Damy radę. Nareszcie nie jestem głodna i nie mam napadów żarcia. Jem wszystko co mi nie szkodzi w regularnych porach. Dzisiaj się zagapiłam i uciekła mi pora podwieczorku, ale trudno - gapa traci a na kolację bez ograniczeń spacer
Dolinkobędę próbować wytrwale. Teraz chodzą na krioterapię a po tym mamy zajęcia na sali i tam jest orbi więc go wypróbowuję ale zawsze po 1/2 lub 1h pedałowania na rowerku, może dlatego tak mi słabo idzie. W poniedziałek zamienię, najpierw orbi a potem rowerek.
Doris jeśli to było już dno to cieszę się bardzo że się od niego odbiłaś .
Całuję
:D
zagladam tutaj pierwszy raz, patrze, a mnie ktos cytuje. Az sie milo zrobilo (szkoda jedynie, ze tyle bykow narobilam...I ze nadal mam problem z polskimi znakami)
Ja dodam, ze te przepisy, to nie sa od tak, z przypadku. Udzielam sie na innym forum, dla Mam... I tam mamy nasza kochana, dyzurna, przemila i cierpliwa Pania Kosmetolog, ktora rodzila w tym samym miesiacu co ja. I ona wiele rzeczy mowila o ujedrnianiu. I o kosmetykach.
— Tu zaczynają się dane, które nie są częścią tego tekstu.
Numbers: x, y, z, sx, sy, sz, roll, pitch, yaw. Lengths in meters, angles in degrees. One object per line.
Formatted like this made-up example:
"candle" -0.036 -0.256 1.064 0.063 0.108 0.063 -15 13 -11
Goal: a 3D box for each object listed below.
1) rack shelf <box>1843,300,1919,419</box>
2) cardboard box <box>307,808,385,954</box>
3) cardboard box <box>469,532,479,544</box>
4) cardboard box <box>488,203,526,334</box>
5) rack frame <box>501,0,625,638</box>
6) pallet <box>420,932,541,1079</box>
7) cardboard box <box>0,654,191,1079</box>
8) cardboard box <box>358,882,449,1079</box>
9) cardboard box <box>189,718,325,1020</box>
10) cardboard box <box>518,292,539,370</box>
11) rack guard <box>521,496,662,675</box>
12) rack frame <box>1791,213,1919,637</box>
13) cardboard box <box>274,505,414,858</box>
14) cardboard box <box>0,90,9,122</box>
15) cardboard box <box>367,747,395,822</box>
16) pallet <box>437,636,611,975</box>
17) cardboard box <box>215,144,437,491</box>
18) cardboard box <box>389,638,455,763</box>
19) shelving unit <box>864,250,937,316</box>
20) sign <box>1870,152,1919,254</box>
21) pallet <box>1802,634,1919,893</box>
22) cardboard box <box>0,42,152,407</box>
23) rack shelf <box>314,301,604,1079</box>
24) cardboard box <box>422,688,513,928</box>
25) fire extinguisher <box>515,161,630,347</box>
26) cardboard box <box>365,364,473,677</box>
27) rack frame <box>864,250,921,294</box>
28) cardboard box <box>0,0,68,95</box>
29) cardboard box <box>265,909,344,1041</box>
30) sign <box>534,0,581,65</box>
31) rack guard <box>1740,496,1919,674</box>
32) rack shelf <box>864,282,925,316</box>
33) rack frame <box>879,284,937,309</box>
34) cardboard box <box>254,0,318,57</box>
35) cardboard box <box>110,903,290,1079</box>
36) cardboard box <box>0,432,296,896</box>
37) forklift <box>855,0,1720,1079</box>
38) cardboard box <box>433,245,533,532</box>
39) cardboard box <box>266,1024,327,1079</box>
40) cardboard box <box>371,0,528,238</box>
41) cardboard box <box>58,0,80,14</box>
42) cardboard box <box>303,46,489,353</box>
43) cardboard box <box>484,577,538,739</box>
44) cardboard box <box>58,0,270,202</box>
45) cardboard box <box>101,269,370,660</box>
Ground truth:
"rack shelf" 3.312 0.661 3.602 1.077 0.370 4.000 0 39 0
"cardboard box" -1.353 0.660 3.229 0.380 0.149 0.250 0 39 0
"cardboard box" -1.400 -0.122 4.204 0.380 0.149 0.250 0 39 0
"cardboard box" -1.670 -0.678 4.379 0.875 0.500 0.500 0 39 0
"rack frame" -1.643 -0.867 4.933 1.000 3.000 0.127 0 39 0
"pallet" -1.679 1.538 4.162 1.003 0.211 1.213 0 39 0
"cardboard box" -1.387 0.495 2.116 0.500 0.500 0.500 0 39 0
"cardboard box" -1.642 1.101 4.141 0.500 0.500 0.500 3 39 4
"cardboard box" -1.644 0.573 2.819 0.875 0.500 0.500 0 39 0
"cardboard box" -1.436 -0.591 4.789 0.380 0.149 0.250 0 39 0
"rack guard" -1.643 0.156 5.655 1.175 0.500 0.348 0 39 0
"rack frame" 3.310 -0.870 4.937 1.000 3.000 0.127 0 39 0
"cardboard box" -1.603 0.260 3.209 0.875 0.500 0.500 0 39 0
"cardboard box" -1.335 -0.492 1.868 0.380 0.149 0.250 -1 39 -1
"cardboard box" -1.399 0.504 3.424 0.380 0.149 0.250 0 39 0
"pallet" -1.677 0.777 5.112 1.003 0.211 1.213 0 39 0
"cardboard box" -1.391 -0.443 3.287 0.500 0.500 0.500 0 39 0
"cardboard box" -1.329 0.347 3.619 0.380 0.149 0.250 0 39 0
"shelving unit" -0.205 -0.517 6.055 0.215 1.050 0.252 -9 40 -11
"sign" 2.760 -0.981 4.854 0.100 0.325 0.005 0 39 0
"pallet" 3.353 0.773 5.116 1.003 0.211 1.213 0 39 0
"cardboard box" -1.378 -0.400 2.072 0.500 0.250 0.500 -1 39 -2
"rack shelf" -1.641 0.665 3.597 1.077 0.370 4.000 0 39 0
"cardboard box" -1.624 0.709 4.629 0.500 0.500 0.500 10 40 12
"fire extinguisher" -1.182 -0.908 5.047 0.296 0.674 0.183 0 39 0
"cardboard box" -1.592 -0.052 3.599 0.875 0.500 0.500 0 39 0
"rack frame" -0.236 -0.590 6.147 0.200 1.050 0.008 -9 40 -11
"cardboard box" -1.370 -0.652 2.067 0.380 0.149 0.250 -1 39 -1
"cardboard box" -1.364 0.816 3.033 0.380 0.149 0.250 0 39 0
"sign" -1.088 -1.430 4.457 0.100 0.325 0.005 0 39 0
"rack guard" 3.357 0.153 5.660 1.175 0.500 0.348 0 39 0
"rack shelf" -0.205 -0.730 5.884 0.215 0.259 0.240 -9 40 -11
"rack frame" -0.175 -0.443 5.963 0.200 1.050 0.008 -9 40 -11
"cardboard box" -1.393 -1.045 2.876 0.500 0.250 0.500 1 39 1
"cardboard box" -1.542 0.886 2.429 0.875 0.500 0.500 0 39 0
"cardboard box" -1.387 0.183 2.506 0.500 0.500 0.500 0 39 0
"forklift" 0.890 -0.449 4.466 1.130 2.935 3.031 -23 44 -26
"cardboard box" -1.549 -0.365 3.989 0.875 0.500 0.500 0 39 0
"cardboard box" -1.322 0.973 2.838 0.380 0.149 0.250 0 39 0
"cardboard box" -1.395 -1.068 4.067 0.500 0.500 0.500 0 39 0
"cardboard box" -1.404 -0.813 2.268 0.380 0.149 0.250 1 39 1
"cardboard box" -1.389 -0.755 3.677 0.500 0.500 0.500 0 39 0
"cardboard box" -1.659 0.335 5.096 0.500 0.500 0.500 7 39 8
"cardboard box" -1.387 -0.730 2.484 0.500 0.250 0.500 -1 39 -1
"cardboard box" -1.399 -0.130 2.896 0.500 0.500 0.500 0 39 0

I z tego gadania ja tez nieco wiedzy wzielam dla siebie ( np nie kupuje juz tylu 'sklepowych' kosmetykow do pielegnacji, tylko sama je robie, badz zamawiam naturalne).
Bardzo ważne są masaże. To, aby skóra była cały czas 'pobudzona'.
I tak na koniec, pragne dodac, ze humor i pogoda ducha autorki jest zniewalajaca :) I milo sie czyta.